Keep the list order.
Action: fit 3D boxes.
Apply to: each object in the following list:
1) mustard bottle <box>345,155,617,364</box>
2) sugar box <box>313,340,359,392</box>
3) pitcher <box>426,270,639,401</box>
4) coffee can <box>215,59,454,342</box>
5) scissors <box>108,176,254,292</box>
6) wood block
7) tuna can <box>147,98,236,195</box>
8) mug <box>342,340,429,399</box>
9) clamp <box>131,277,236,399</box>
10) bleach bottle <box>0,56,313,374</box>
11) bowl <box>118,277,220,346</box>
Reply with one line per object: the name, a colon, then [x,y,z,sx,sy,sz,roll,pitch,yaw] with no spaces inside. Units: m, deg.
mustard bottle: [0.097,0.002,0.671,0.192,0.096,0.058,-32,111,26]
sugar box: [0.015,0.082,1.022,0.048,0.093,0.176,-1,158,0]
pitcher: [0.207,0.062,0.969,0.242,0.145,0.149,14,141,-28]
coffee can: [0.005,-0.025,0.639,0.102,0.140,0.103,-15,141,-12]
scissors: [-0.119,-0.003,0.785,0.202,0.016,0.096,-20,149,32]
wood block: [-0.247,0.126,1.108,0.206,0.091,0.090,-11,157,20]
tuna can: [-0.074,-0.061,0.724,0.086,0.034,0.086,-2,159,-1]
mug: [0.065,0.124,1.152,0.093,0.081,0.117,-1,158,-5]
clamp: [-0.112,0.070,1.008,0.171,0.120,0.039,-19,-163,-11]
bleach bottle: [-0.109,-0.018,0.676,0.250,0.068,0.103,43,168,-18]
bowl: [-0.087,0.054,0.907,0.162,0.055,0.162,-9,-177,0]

..............................

:: Problem to solve ::
In the material above, which lines contain "list"? Copy each of them.

:: Output for this exercise ::
Keep the list order.
Apply to: each object in the following list:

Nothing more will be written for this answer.